Exercise prompt
Where a record contains a picture, omit the picture and repeat the rest exactly.

Supplied records

▶

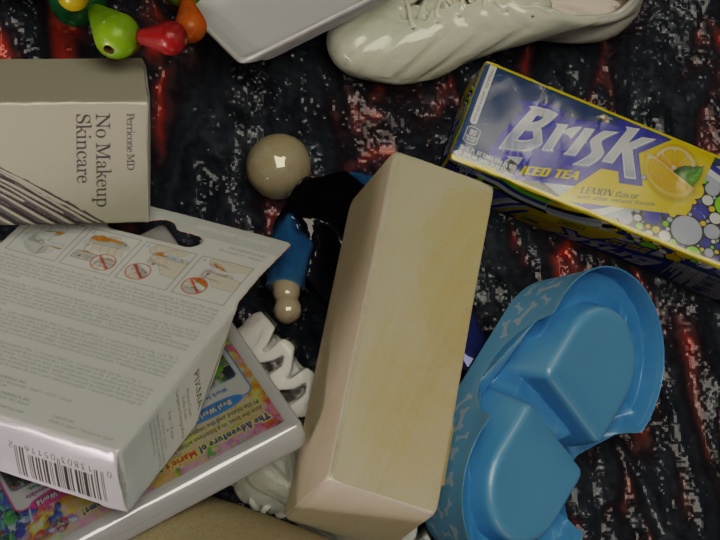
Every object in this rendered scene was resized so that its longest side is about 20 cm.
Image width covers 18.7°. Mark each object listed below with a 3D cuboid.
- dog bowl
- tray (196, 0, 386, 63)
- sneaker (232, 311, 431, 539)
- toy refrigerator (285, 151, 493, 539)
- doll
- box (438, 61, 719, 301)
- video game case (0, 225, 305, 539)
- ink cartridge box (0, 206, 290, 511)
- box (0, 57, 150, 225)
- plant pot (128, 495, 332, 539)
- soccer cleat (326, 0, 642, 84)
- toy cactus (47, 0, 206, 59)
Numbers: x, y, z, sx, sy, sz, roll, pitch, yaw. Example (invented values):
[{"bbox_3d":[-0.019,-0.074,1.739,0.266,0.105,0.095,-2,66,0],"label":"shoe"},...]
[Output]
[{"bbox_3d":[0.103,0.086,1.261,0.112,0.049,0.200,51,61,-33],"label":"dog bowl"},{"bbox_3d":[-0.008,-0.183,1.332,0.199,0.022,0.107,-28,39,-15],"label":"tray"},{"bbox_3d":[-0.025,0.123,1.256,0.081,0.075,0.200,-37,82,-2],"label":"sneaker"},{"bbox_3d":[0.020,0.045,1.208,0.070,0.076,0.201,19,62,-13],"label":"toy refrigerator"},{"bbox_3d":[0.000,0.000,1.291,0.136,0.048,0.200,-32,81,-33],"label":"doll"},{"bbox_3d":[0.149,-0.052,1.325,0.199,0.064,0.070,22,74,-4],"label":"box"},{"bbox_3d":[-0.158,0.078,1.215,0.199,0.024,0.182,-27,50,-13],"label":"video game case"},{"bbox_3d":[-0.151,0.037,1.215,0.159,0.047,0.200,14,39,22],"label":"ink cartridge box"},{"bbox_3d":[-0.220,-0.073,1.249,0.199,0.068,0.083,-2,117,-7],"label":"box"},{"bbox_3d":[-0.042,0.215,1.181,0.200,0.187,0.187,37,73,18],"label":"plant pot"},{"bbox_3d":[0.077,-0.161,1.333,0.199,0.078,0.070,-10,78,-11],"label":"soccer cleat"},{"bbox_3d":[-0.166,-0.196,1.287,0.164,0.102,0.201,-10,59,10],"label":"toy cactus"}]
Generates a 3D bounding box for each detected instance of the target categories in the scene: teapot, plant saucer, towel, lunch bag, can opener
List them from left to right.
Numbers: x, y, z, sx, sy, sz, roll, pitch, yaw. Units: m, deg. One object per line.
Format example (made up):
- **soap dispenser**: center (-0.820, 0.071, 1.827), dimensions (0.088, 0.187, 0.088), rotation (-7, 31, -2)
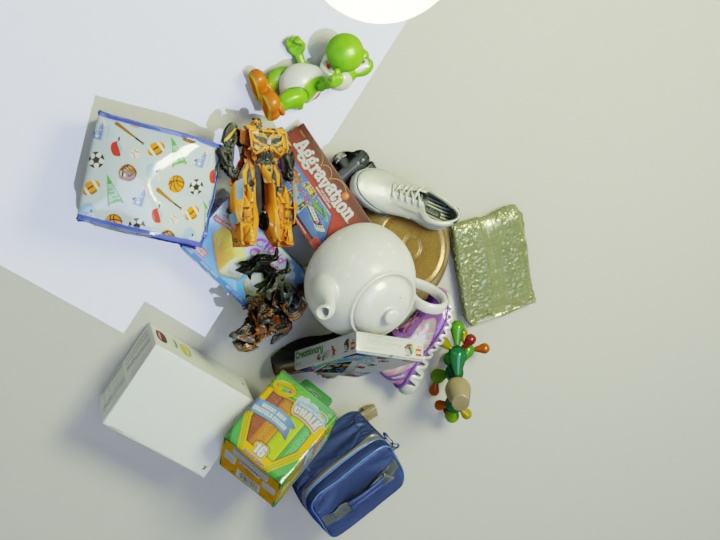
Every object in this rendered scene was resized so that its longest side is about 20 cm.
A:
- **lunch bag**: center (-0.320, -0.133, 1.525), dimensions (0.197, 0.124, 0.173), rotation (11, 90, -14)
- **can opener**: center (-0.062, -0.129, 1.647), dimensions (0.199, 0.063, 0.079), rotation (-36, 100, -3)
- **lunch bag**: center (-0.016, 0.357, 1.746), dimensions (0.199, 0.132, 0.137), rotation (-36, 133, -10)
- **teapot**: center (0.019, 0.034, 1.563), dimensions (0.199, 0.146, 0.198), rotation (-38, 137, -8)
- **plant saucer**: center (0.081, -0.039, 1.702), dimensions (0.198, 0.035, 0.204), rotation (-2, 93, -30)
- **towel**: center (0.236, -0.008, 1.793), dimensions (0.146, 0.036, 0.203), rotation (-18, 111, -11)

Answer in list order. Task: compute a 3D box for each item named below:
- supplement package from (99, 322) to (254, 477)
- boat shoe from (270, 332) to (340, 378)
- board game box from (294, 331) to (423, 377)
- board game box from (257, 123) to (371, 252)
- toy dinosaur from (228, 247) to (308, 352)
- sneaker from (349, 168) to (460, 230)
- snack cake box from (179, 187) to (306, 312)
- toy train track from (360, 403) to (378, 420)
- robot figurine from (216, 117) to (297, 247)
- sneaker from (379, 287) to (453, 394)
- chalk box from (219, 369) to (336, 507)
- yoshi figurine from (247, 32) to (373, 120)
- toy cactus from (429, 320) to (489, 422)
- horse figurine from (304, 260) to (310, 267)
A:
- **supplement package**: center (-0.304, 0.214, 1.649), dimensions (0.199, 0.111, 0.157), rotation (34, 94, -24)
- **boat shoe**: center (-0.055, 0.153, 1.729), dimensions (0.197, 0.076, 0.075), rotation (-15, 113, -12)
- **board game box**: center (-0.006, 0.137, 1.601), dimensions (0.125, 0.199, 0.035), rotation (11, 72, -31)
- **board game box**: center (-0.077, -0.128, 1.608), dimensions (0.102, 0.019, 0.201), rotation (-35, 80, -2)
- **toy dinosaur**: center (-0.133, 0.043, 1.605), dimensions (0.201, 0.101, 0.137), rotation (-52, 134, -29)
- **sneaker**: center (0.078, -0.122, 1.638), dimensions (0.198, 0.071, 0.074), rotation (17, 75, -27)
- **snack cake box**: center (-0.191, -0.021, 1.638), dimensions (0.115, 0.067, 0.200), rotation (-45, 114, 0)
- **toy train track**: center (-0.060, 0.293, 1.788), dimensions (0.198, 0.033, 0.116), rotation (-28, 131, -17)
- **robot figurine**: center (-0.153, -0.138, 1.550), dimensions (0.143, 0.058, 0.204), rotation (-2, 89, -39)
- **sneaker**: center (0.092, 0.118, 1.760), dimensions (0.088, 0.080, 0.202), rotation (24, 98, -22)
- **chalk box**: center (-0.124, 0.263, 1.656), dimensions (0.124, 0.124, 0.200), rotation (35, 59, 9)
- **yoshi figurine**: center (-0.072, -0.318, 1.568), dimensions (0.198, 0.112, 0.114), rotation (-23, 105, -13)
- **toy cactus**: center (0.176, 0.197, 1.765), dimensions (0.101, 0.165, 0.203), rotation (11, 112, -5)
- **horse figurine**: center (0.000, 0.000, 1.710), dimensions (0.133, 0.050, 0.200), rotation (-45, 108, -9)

◀

Answer area
Every object in this rendered scene was resized so that its longest side is about 20 cm.
Image width covers 18.7°. Mark each object listed below with a 3D cuboid.
- dog bowl
- tray (196, 0, 386, 63)
- sneaker (232, 311, 431, 539)
- toy refrigerator (285, 151, 493, 539)
- doll
- box (438, 61, 719, 301)
- video game case (0, 225, 305, 539)
- ink cartridge box (0, 206, 290, 511)
- box (0, 57, 150, 225)
- plant pot (128, 495, 332, 539)
- soccer cleat (326, 0, 642, 84)
- toy cactus (47, 0, 206, 59)
Numbers: x, y, z, sx, sy, sz, roll, pitch, yaw. Example (invented values):
[{"bbox_3d":[-0.019,-0.074,1.739,0.266,0.105,0.095,-2,66,0],"label":"shoe"},...]
[Output]
[{"bbox_3d":[0.103,0.086,1.261,0.112,0.049,0.200,51,61,-33],"label":"dog bowl"},{"bbox_3d":[-0.008,-0.183,1.332,0.199,0.022,0.107,-28,39,-15],"label":"tray"},{"bbox_3d":[-0.025,0.123,1.256,0.081,0.075,0.200,-37,82,-2],"label":"sneaker"},{"bbox_3d":[0.020,0.045,1.208,0.070,0.076,0.201,19,62,-13],"label":"toy refrigerator"},{"bbox_3d":[0.000,0.000,1.291,0.136,0.048,0.200,-32,81,-33],"label":"doll"},{"bbox_3d":[0.149,-0.052,1.325,0.199,0.064,0.070,22,74,-4],"label":"box"},{"bbox_3d":[-0.158,0.078,1.215,0.199,0.024,0.182,-27,50,-13],"label":"video game case"},{"bbox_3d":[-0.151,0.037,1.215,0.159,0.047,0.200,14,39,22],"label":"ink cartridge box"},{"bbox_3d":[-0.220,-0.073,1.249,0.199,0.068,0.083,-2,117,-7],"label":"box"},{"bbox_3d":[-0.042,0.215,1.181,0.200,0.187,0.187,37,73,18],"label":"plant pot"},{"bbox_3d":[0.077,-0.161,1.333,0.199,0.078,0.070,-10,78,-11],"label":"soccer cleat"},{"bbox_3d":[-0.166,-0.196,1.287,0.164,0.102,0.201,-10,59,10],"label":"toy cactus"}]
Generates a 3D bounding box for each detected instance of the target categories in the scene: teapot, plant saucer, towel, lunch bag, can opener
List them from left to right.
Numbers: x, y, z, sx, sy, sz, roll, pitch, yaw. Units: m, deg. One object per line.
Format example (made up):
- **soap dispenser**: center (-0.820, 0.071, 1.827), dimensions (0.088, 0.187, 0.088), rotation (-7, 31, -2)
Every object in this rendered scene was resized so that its longest side is about 20 cm.
A:
- **lunch bag**: center (-0.320, -0.133, 1.525), dimensions (0.197, 0.124, 0.173), rotation (11, 90, -14)
- **can opener**: center (-0.062, -0.129, 1.647), dimensions (0.199, 0.063, 0.079), rotation (-36, 100, -3)
- **lunch bag**: center (-0.016, 0.357, 1.746), dimensions (0.199, 0.132, 0.137), rotation (-36, 133, -10)
- **teapot**: center (0.019, 0.034, 1.563), dimensions (0.199, 0.146, 0.198), rotation (-38, 137, -8)
- **plant saucer**: center (0.081, -0.039, 1.702), dimensions (0.198, 0.035, 0.204), rotation (-2, 93, -30)
- **towel**: center (0.236, -0.008, 1.793), dimensions (0.146, 0.036, 0.203), rotation (-18, 111, -11)

Answer in list order. Task: compute a 3D box for each item named below:
- supplement package from (99, 322) to (254, 477)
- boat shoe from (270, 332) to (340, 378)
- board game box from (294, 331) to (423, 377)
- board game box from (257, 123) to (371, 252)
- toy dinosaur from (228, 247) to (308, 352)
- sneaker from (349, 168) to (460, 230)
- snack cake box from (179, 187) to (306, 312)
- toy train track from (360, 403) to (378, 420)
- robot figurine from (216, 117) to (297, 247)
- sneaker from (379, 287) to (453, 394)
- chalk box from (219, 369) to (336, 507)
- yoshi figurine from (247, 32) to (373, 120)
- toy cactus from (429, 320) to (489, 422)
- horse figurine from (304, 260) to (310, 267)
A:
- **supplement package**: center (-0.304, 0.214, 1.649), dimensions (0.199, 0.111, 0.157), rotation (34, 94, -24)
- **boat shoe**: center (-0.055, 0.153, 1.729), dimensions (0.197, 0.076, 0.075), rotation (-15, 113, -12)
- **board game box**: center (-0.006, 0.137, 1.601), dimensions (0.125, 0.199, 0.035), rotation (11, 72, -31)
- **board game box**: center (-0.077, -0.128, 1.608), dimensions (0.102, 0.019, 0.201), rotation (-35, 80, -2)
- **toy dinosaur**: center (-0.133, 0.043, 1.605), dimensions (0.201, 0.101, 0.137), rotation (-52, 134, -29)
- **sneaker**: center (0.078, -0.122, 1.638), dimensions (0.198, 0.071, 0.074), rotation (17, 75, -27)
- **snack cake box**: center (-0.191, -0.021, 1.638), dimensions (0.115, 0.067, 0.200), rotation (-45, 114, 0)
- **toy train track**: center (-0.060, 0.293, 1.788), dimensions (0.198, 0.033, 0.116), rotation (-28, 131, -17)
- **robot figurine**: center (-0.153, -0.138, 1.550), dimensions (0.143, 0.058, 0.204), rotation (-2, 89, -39)
- **sneaker**: center (0.092, 0.118, 1.760), dimensions (0.088, 0.080, 0.202), rotation (24, 98, -22)
- **chalk box**: center (-0.124, 0.263, 1.656), dimensions (0.124, 0.124, 0.200), rotation (35, 59, 9)
- **yoshi figurine**: center (-0.072, -0.318, 1.568), dimensions (0.198, 0.112, 0.114), rotation (-23, 105, -13)
- **toy cactus**: center (0.176, 0.197, 1.765), dimensions (0.101, 0.165, 0.203), rotation (11, 112, -5)
- **horse figurine**: center (0.000, 0.000, 1.710), dimensions (0.133, 0.050, 0.200), rotation (-45, 108, -9)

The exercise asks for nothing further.